Legalpedia Citation: (1989) Legalpedia (SC) 11261

In the Supreme Court of Nigeria

HOLDEN AT ABUJA

Thu Jan 19, 1989

Suit Number: SC.61/1986

CORAM


ANDREWS OTUTU OBASEKI

MUHAMMADU LAWAL UWAIS

CHUKWUDIFU AKUNNE OPUTA

EBENEZER BABASANYA CRAIG


PARTIES


EBENEZER BABASANYA CRAIG APPELLANTS


WEMA BANK RESPONDENTS


AREA(S) OF LAW



SUMMARY OF FACTS

The Plaintiff by a Writ of Summons sued the Defendants in the High Court of Lagos, for Specific performance of an agreement between the parties and evidenced in letters, wherein the Defendants promised to execute legal mortgage of the Defendant’s properties lying and situate at (a) 400 Herbert Macaulay Street, Yaba (Lagos) (b) Adekunle Fajuyi Street, Ibadan (c) Ijebu-Bye Pass, Oke-Ado, Ibadan (d) 21 Barracks Road, Calabar and (e) Mile 3 Aba/Port-Harcourt Road, Aba; in favour of the Plaintiffs to secure various overdrafts amounting to over N2,000,000.00, made to the Defendants in Lagos between 1976 and 1979. The Plaintiffs also claimed interest on the said sum. The 2nd Defendant was sued as a guarantor of the 1st Defendant. By Deed of Guarantee, the 2nd Defendant guaranteed payment to the Plaintiffs of all monies and liabilities owing or incurred to the Plaintiffs by Bronik Motors unincorporated and the 1st Defendants up to the limit of N500,000.00. At the end of trial, the learned trial Judge entered judgment for the Plaintiff on the personal liability of the 2nd Defendant as a guarantor of the 1st Defendant to the tune of ‘half a million Naira (N500,000.00) chargeable with interest at the rate of 8% per annum, and on the whole, the Plaintiff’s reliefs were granted. Dissatisfied, the Defendants appealed to the Federal Court of Appeal, and in a well considered judgment, the lower court dismissed the appeal, save the trial court’s order for specific performance. Still dissatisfied, the Defendants appealed to the Supreme Court, where the trial court’s jurisdiction was challenged. In a unanimous decision, the Court held that the State High Court did have jurisdiction. Now, the 2nd Defendant/Appellant brought an interlocutory application vide a notice of motion before the Court of Appeal after judgment in the principal case stated above, for an order: granting an extension of time within which to appeal; leave to appeal against the Ruling of the trial Court dated 17/6/85; and a stay of execution of the said trial Court’s order pending the determination of this appeal. The lower Court refused those prayers and gave as its reasons the fact that the proposed grounds of appeal were not prima facie substantial grounds. It is against this decision that this appeal was filed before this court.


HELD


Appeal Allowed


ISSUES


Not Available


RATIONES DECIDENDI


JUDGE – WHETHER A JUDGE HAS THE LATITUDE TO EXPOUND SCOPE OF THE ENQUIRY BEFORE THE COURT


“But a Judge does not have such latitude. He must confine himself within respectable limits of the scope of the enquiry before the Court. A motion should be dealt with as a Motion, whilst an appeal should be treated in all respects as an appeal. The Judge should not be seen to have prejudged a legal point which is yet to come before him in related proceedings otherwise he would disqualify himself from sitting on the latter aspect of the case”.

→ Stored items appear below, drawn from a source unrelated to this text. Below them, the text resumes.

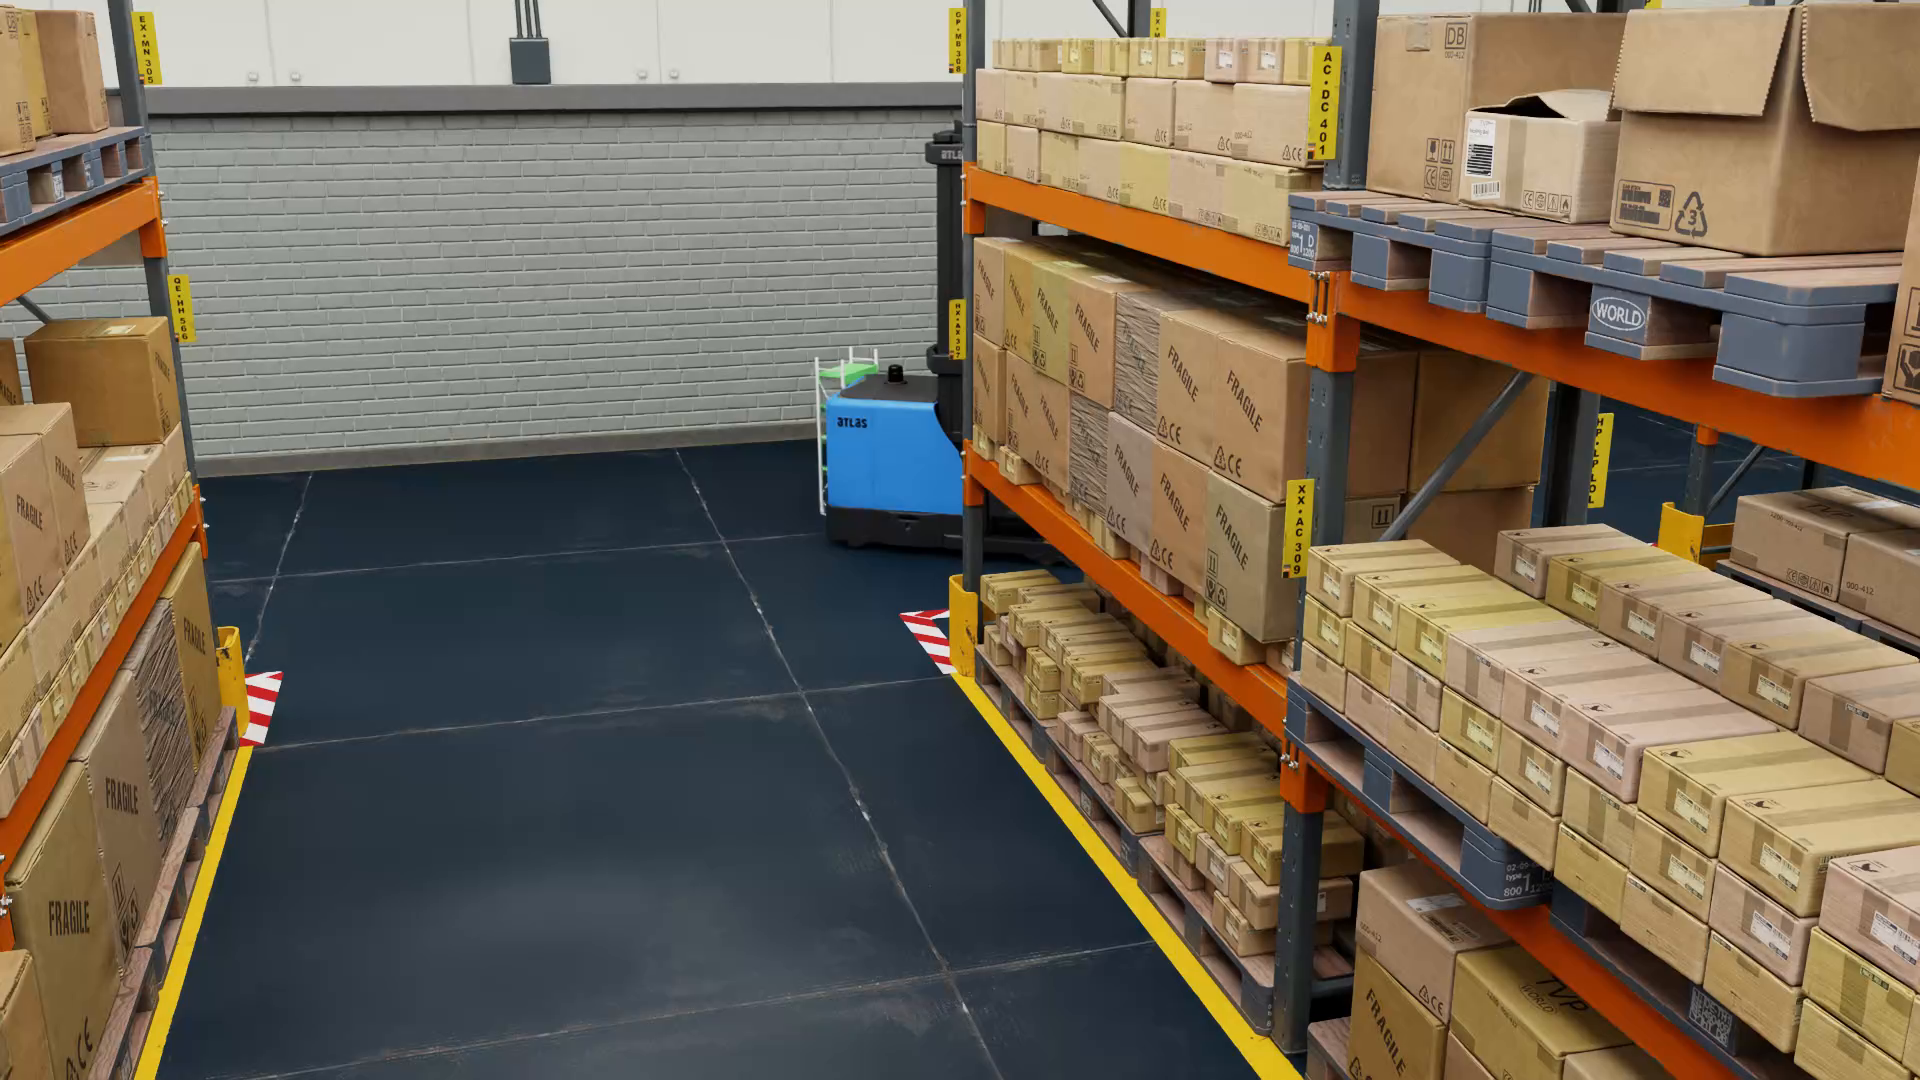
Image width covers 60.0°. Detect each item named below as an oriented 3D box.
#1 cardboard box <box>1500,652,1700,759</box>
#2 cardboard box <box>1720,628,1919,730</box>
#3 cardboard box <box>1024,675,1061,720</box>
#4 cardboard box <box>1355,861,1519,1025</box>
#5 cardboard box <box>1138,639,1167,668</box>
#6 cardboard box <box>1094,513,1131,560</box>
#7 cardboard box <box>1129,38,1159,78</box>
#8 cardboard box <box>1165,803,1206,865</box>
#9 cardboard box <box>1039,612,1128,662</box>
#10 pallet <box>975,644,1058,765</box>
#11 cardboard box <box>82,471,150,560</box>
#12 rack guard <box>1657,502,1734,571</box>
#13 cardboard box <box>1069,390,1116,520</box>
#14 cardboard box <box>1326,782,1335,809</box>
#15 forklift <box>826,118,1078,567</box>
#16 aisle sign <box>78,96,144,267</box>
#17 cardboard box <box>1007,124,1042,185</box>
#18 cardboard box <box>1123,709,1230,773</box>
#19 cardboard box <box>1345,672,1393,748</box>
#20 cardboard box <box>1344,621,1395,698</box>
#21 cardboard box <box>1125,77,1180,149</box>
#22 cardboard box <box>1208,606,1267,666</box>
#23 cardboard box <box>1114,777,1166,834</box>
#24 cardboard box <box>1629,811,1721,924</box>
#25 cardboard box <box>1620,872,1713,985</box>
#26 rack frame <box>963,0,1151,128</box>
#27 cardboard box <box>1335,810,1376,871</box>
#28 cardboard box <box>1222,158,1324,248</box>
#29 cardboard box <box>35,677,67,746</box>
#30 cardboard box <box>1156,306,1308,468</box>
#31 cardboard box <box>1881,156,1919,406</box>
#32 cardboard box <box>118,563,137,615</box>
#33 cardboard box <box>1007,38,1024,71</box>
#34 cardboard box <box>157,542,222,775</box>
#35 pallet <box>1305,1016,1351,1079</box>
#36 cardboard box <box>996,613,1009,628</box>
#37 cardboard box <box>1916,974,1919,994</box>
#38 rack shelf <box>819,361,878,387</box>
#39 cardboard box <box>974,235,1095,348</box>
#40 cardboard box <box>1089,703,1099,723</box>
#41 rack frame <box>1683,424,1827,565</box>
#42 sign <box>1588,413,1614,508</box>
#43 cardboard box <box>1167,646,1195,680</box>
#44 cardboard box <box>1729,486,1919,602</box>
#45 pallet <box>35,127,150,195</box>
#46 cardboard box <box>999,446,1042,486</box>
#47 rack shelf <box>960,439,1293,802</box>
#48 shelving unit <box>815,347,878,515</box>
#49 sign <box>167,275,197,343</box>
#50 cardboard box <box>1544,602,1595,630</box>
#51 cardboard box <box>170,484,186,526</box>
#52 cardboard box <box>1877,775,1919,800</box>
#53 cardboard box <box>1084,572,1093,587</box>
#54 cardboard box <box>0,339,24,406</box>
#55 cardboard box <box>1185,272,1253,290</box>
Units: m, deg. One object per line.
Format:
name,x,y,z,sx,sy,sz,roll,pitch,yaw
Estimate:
cardboard box,1.565,0.401,4.075,0.380,0.149,0.250,-5,17,-16
cardboard box,2.190,0.350,4.244,0.380,0.149,0.250,-5,18,-17
cardboard box,0.539,0.775,8.382,0.380,0.149,0.250,-4,17,-15
cardboard box,1.560,1.196,5.068,0.500,0.250,0.500,-5,18,-18
cardboard box,1.051,0.599,8.454,0.380,0.149,0.250,-5,17,-16
cardboard box,0.809,-0.033,7.285,0.380,0.149,0.250,-4,17,-14
cardboard box,0.882,-1.882,6.488,0.380,0.149,0.250,-5,17,-16
cardboard box,1.042,1.147,6.628,0.380,0.149,0.250,-5,18,-17
cardboard box,0.615,0.487,8.308,0.380,0.149,0.250,-6,18,-18
pallet,0.722,0.811,8.884,1.003,0.211,1.213,-5,17,-15
cardboard box,-3.618,-0.085,6.764,0.500,0.250,0.500,-5,18,-17
rack guard,5.237,-0.001,11.088,1.175,0.500,0.348,-5,17,-15
cardboard box,0.810,-0.394,7.358,0.500,0.500,0.500,-5,17,-17
cardboard box,1.580,0.955,6.752,0.380,0.149,0.250,-5,17,-16
forklift,0.627,-1.388,11.476,3.031,2.935,1.130,4,17,13
aisle sign,-4.016,-1.697,7.869,0.394,0.787,0.004,-5,17,-15
cardboard box,0.530,-1.847,7.933,0.500,0.250,0.500,-4,17,-13
cardboard box,0.920,0.854,7.087,0.380,0.149,0.250,-6,18,-18
cardboard box,1.359,0.475,4.865,0.380,0.149,0.250,-4,17,-14
cardboard box,1.350,0.327,4.838,0.380,0.149,0.250,-5,17,-16
cardboard box,0.960,-1.667,6.464,0.500,0.250,0.500,-4,17,-13
cardboard box,1.132,0.331,6.073,0.380,0.149,0.250,-5,17,-17
cardboard box,0.891,1.130,7.201,0.380,0.149,0.250,-5,17,-15
cardboard box,1.709,0.688,3.636,0.380,0.149,0.250,-5,17,-16
cardboard box,1.707,0.829,3.685,0.380,0.149,0.250,-6,18,-18
rack frame,0.512,-3.646,8.447,1.000,3.000,0.127,-5,17,-15
cardboard box,1.663,1.167,6.561,0.380,0.149,0.250,-5,17,-15
cardboard box,1.217,-1.145,5.598,0.500,0.250,0.500,-4,17,-14
cardboard box,-3.092,0.565,5.295,0.380,0.149,0.250,-4,17,-13
cardboard box,1.075,-0.587,6.262,0.500,0.500,0.500,-5,18,-17
cardboard box,2.026,-0.458,2.875,0.500,0.500,0.500,-5,17,-15
cardboard box,-3.451,0.207,6.485,0.380,0.149,0.250,-4,17,-14
cardboard box,0.439,-2.307,7.904,0.380,0.149,0.250,-5,17,-15
cardboard box,-4.032,0.579,7.775,0.875,0.875,0.875,-5,17,-15
pallet,1.827,1.885,5.311,1.003,0.211,1.213,-5,17,-15
cardboard box,0.409,0.414,9.067,0.380,0.149,0.250,-4,17,-13
cardboard box,1.919,0.760,2.882,0.380,0.149,0.250,-4,17,-14
rack shelf,-0.844,-1.219,12.473,0.258,0.148,0.480,8,18,26
cardboard box,0.380,-1.297,8.626,0.500,0.500,0.500,-5,17,-16
cardboard box,0.827,0.772,7.875,0.380,0.149,0.250,-4,17,-12
rack frame,5.244,-1.192,10.706,1.000,3.000,0.127,-5,17,-15
sign,2.144,-0.266,5.610,0.100,0.325,0.005,-5,17,-15
cardboard box,1.212,0.597,7.942,0.380,0.149,0.250,-5,18,-17
cardboard box,5.521,0.009,10.433,0.875,0.438,0.875,-5,18,-17
pallet,-4.071,-1.598,6.999,1.003,0.211,1.213,-5,17,-15
cardboard box,0.418,-0.391,8.476,0.380,0.149,0.250,-5,17,-17
rack shelf,1.062,0.125,7.572,1.077,0.370,4.000,-5,17,-15
shelving unit,-0.841,-0.820,12.591,0.258,1.200,0.503,8,18,26
sign,-3.759,-1.115,8.027,0.100,0.325,0.005,-5,17,-15
cardboard box,1.984,0.278,5.003,0.380,0.149,0.250,-5,17,-15
cardboard box,-3.797,-0.144,7.654,0.380,0.149,0.250,-5,17,-15
cardboard box,2.337,0.637,3.807,0.380,0.149,0.250,-4,17,-13
cardboard box,0.901,0.233,9.153,0.380,0.149,0.250,-4,17,-15
cardboard box,-4.275,-0.546,6.995,0.500,0.500,0.500,-5,17,-17
cardboard box,1.316,-0.906,7.324,0.500,0.500,0.500,-5,18,-17

COURT – WHETHER A COURT CAN ENTERTAIN THE SUBSTANTIVE MATTER WHILE DETERMINING AN APPLICATION BEFORE IT


“As stated before, I do not think that this court should, as at now, be called upon to express any opinion on that question. Unfortunately, the lower Court allowed itself to be drawn into the vortex of the conflict and was persuaded to decide at the hearing of a Motion for leave to appeal, points of law which would necessarily need to be decided at the hearing of the appeal itself. This is not right. See Igboho Local Government v. Boundary Settlement Commissioner (1988) 1 NWLR (Pt.69) 189.

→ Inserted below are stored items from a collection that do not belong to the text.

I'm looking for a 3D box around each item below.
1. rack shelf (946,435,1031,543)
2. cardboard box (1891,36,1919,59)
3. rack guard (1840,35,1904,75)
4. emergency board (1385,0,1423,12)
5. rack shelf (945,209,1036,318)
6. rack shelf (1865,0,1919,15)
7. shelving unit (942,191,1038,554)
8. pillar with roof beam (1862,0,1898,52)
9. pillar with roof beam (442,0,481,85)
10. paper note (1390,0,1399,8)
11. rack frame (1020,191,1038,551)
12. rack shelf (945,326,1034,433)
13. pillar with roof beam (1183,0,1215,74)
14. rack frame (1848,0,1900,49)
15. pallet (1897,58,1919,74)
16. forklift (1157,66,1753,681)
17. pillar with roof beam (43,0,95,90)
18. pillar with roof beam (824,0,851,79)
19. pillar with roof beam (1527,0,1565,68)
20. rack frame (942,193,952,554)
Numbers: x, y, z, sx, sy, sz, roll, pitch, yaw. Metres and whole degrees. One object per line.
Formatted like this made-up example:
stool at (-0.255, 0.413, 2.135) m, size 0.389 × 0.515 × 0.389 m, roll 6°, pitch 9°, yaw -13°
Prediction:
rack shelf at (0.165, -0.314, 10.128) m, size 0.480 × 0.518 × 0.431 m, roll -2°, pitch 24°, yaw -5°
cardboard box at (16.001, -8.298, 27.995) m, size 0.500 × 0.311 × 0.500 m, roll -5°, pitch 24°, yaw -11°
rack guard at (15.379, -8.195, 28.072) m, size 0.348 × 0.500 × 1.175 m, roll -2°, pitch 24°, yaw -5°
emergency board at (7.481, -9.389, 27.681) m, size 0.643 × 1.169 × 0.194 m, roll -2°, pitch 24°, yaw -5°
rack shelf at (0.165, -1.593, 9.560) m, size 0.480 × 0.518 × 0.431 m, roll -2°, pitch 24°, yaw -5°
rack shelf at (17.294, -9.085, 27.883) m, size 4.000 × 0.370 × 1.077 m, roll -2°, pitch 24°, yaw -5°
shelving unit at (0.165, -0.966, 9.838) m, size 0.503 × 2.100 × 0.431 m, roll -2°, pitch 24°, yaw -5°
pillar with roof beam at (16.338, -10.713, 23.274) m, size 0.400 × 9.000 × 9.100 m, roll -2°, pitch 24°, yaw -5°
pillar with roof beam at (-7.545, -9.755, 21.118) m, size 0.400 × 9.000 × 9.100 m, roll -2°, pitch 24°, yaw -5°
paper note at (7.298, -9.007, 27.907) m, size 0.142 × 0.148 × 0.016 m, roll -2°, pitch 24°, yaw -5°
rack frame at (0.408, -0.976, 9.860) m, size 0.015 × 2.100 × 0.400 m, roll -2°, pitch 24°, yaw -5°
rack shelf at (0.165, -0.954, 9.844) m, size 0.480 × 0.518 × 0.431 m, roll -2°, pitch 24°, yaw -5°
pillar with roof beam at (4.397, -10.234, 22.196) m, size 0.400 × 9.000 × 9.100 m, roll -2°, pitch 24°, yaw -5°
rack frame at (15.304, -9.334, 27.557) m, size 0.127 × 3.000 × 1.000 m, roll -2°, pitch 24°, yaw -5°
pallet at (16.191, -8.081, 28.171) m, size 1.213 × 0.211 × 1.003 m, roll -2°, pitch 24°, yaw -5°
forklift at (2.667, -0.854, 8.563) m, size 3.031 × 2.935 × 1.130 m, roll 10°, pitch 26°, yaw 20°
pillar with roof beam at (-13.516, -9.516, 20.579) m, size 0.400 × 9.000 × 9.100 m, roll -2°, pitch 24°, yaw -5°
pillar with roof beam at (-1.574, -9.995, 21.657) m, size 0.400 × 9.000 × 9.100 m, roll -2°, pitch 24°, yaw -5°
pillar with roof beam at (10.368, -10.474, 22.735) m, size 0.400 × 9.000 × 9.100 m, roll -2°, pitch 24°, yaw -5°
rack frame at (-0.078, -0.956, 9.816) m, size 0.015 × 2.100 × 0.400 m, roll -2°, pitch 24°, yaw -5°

EXERCISE OF JUDICIAL DISCRETION – DUTY ON THE COURT OF APPEAL TO EXERCISE ITS DISCRETION IN THE GRANT OR REFUSAL OF AN APPLICATION JUDICIALLY


“It is in the discretion of the Court of Appeal to grant or refuse any such application but the discretion has to be exercised judicially having regard to the requirements set out by the Rules.”


EXTENSION OF TIME WITHIN WHICH TO APPEAL- WHETHER THE GROUND OF APPEAL FOR EXTENSION OF TIME NEEDS TO SHOW GOOD CAUSE WHY THE APPEAL SHOULD BE ALLOWED


“The grounds of appeal required to be exhibited are only to show good cause why the appeal should be heard. The Rule does not require the grounds to show good cause why the appeal should be allowed. Although in both cases, the grounds of appeal should be substantial, the certainty required in the latter case does not necessarily need to be present in the former case.”

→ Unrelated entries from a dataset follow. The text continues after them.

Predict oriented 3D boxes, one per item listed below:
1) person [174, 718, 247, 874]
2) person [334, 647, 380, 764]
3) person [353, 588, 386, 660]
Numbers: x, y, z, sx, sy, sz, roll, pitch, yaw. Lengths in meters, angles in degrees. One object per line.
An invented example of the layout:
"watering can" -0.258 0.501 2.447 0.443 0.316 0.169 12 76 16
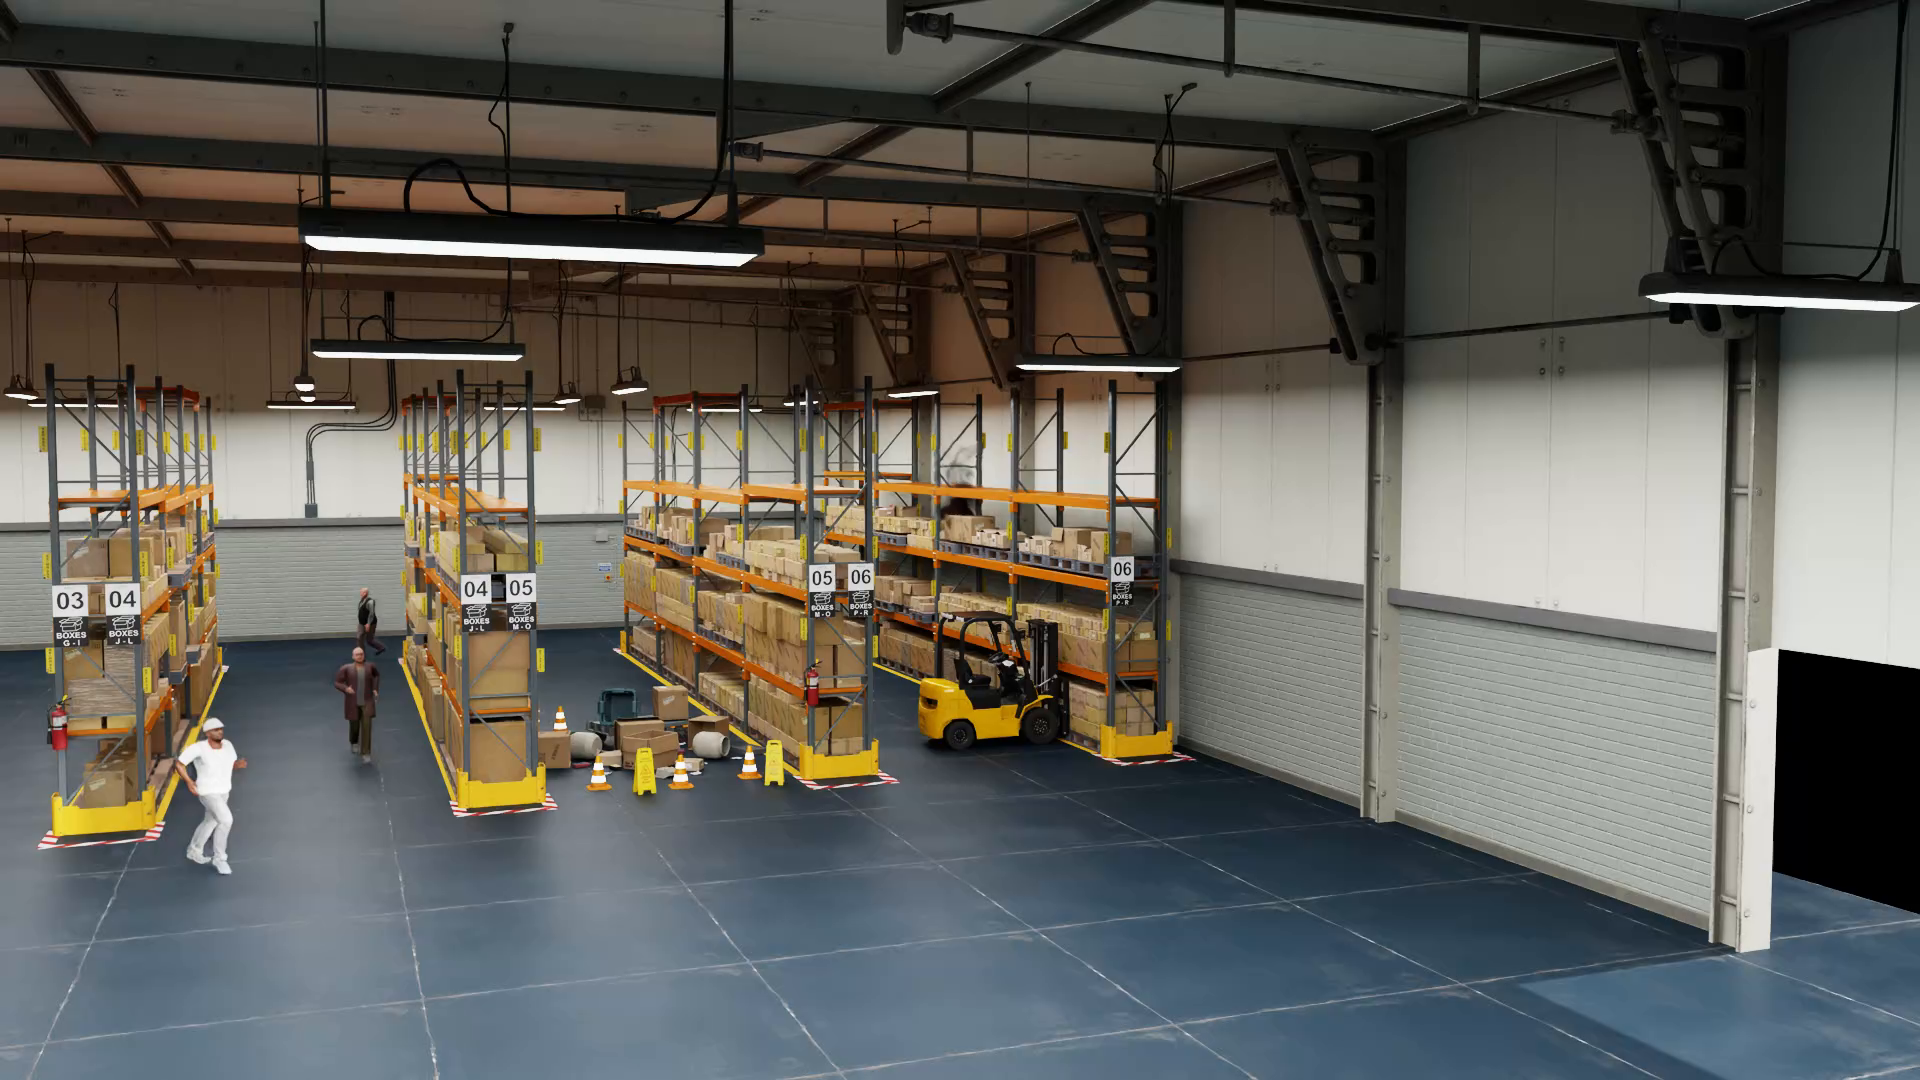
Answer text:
"person" -8.754 2.994 19.526 0.771 1.836 0.661 1 3 16
"person" -9.444 2.555 26.110 0.704 1.746 1.069 -2 4 -26
"person" -13.517 1.922 38.147 0.556 1.677 0.851 2 4 35

GROUND OF APPEAL- WHAT IS A GROUND OF APPEAL SHOWING GOOD CAUSE WHY AN APPEAL SHOULD BE HERAD?


“A ground showing good cause why an appeal should be heard is a ground which raises substantial issues of fact or law for the consideration of the court. It is a ground which cannot be dismissed with a wave of the hand or totally lacking in substance. It is a ground which evokes a serious debate as to the correctness of the decision of the court below. It is a ground which taxes the intellect and reasoning faculties of the appeal judges. It is a ground which is not frivolous. See Ukpe Ibodo v. Enarofia (1980) 5-7 S.C.42 at 53. See also Holman Brothers (Nigeria) Ltd. v. Kigo (Nigeria) and anor. (1980) 8-11 S.C.43 at 62-63.”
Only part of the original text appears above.